The abandoned Llano Del Rio is a meaningful space in the world of Jim Miller’s novel Flash because it is weighted with so many of the book’s main concerns: how we are alienated from the past while surrounded by its artifacts in the present, how we celebrate the visions of those who struggled for a better society while recognizing the reality of their defeat. It’s a heavy place to be if you’re a radical with a sense of history, which well describes Jack Wilson, the narrator of Flash. Jack, a journalist, finds himself in Llano Del Rio one evening with the son he rarely sees, sitting atop the remains of this dead socialist dream, “mingling with unnamed ghosts and pondering the ruins of the perfect future” (122).

There’s one ghost on his mind, though, that does indeed have a name: Bobby Flash, a “dishwasher, harvest stiff, bricklayer, etc.,” “Member I.W.W.,” and “a bad man,” according to the 1912 wanted poster Jack discovered in a San Diego library (1).
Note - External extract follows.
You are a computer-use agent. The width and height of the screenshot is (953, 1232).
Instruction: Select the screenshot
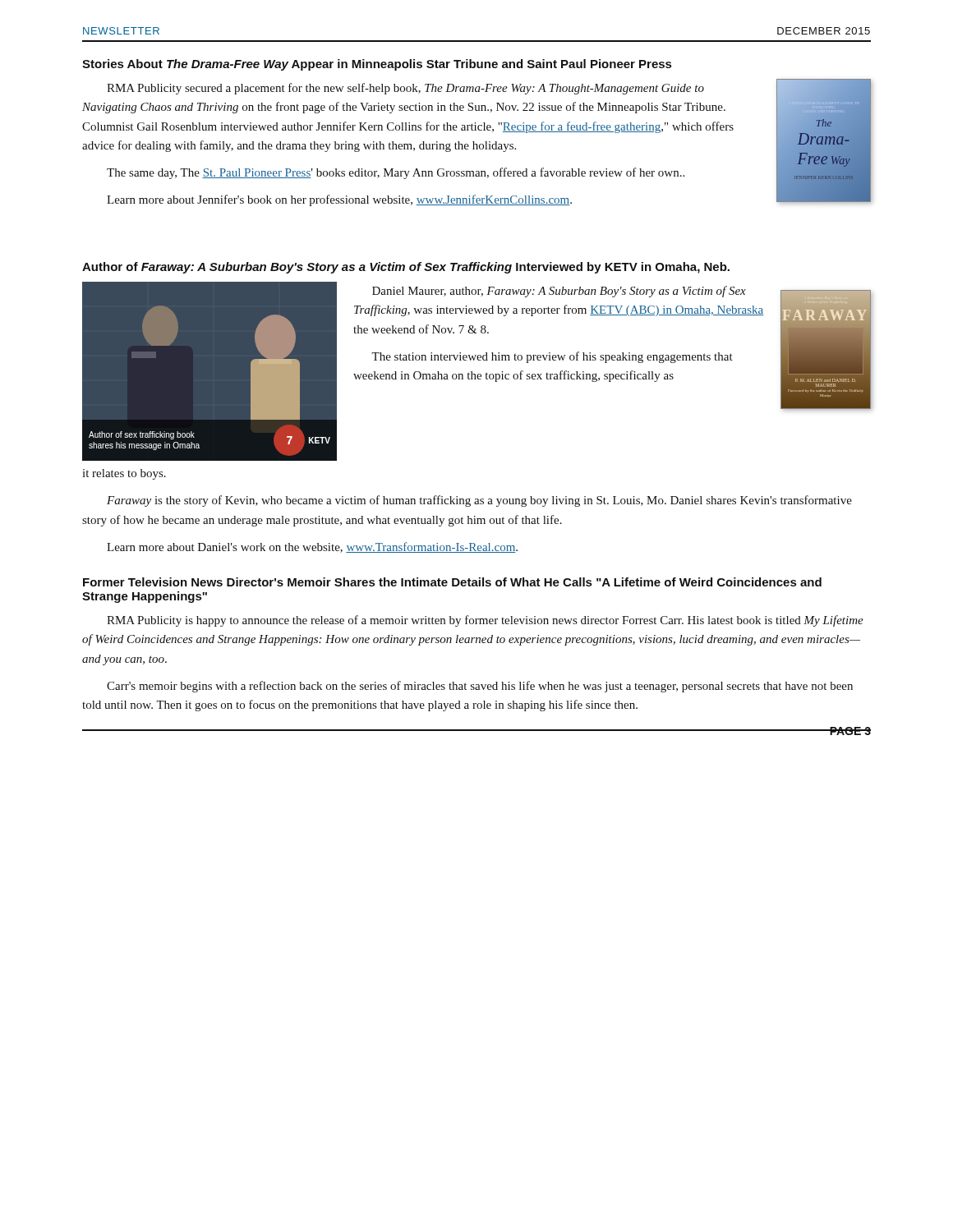tap(209, 371)
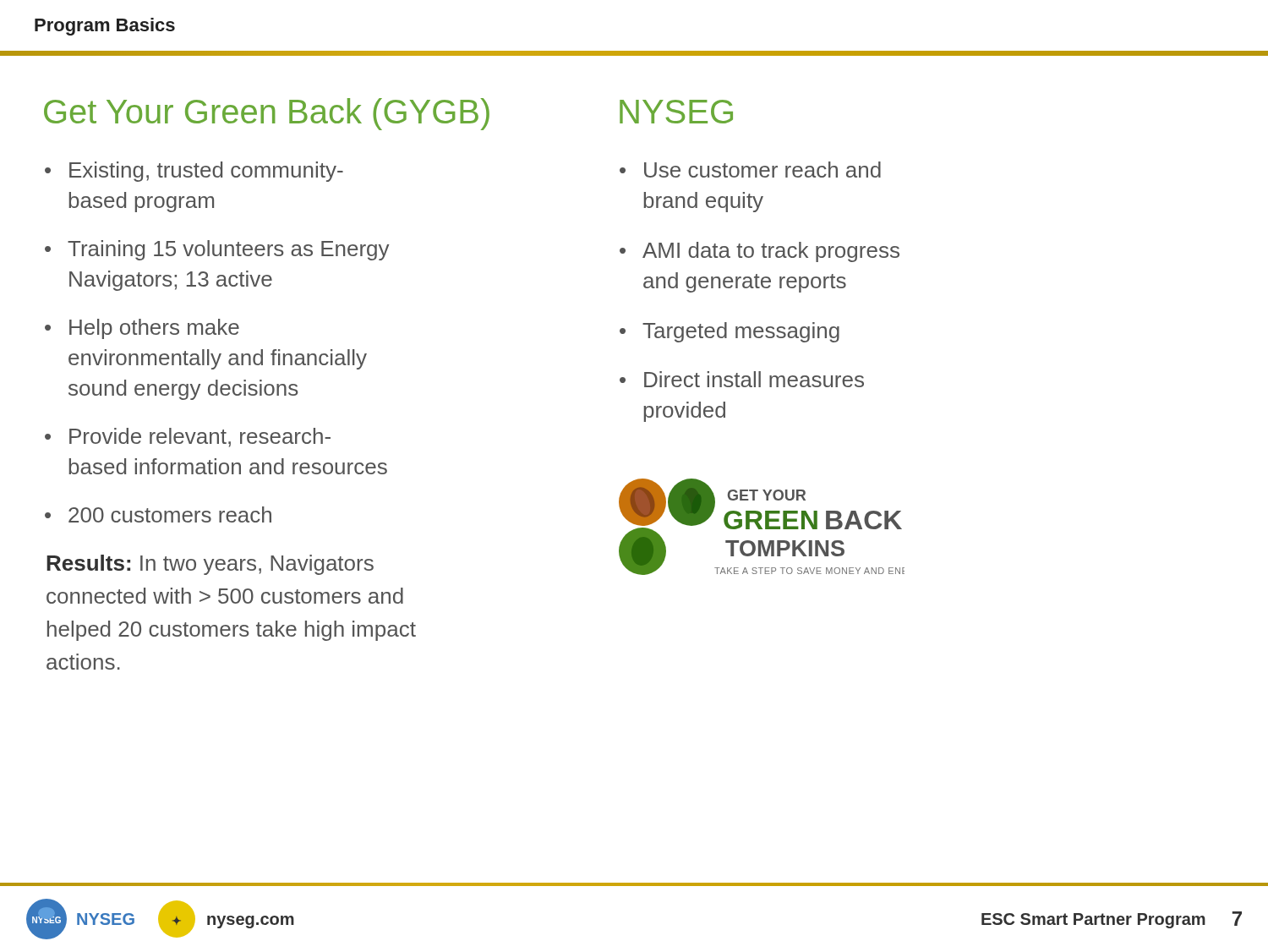
Task: Find the list item containing "• Provide relevant, research-based information"
Action: [x=216, y=450]

Flash was “a bad man,” Jack supposes, because he fought for that vision of a perfect future, participating in the Magónista revolt in Tijuana and the San Diego Free Speech Fights, spending time in Llano Del Rio, and agitating with the Industrial Workers of the World for the idea that “there’s nobody who doesn’t deserve a piece of the pie” (150). Most of the novel is devoted to Jack’s search to discover more about Bobby Flash and his Wobbly comrades—“revolutionaries, outlaws, political prisoners, martyrs, heroes, common men, lost to history”—and Jack moves from archive to archive, “tracing the distant threads of their lives, chasing their ghosts across time” (82). He sifts through brittle newspaper clippings and yellowing photographs, manuscripts that were never published and letters that were never meant to be, and gradually develops some understanding of Bobby Flash and the time in which he lived.

The novel presents these artifacts as a sort of accumulation of narratives: Jack’s contemporary first-person account is frequently interrupted by his interpretation of sources or “extracts” from the sources themselves, sometimes at great length. We hear Bobby Flash or his comrade Gus Blanco (a “bronco buster and cow puncher”[1]) or his feminist lover Molly in their own voices from across forgotten decades. But it is not simply a matter of hearing (or reading): Jack has to interpret these narratives, compare them to each other, and consider their inconsistencies and posthumous alterations.

History, the novel suggests, is not about uncovering “what happened” in the past but involves the construction of knowledge in the present, derived from information that is transmitted to us from the past in a complicated and profoundly dialectical fashion. In other words, history is a noisy (and contingent) scene, and Miller gives us a sense of this in the way he gathers up multiple created narratives and displays them in the process of their becoming.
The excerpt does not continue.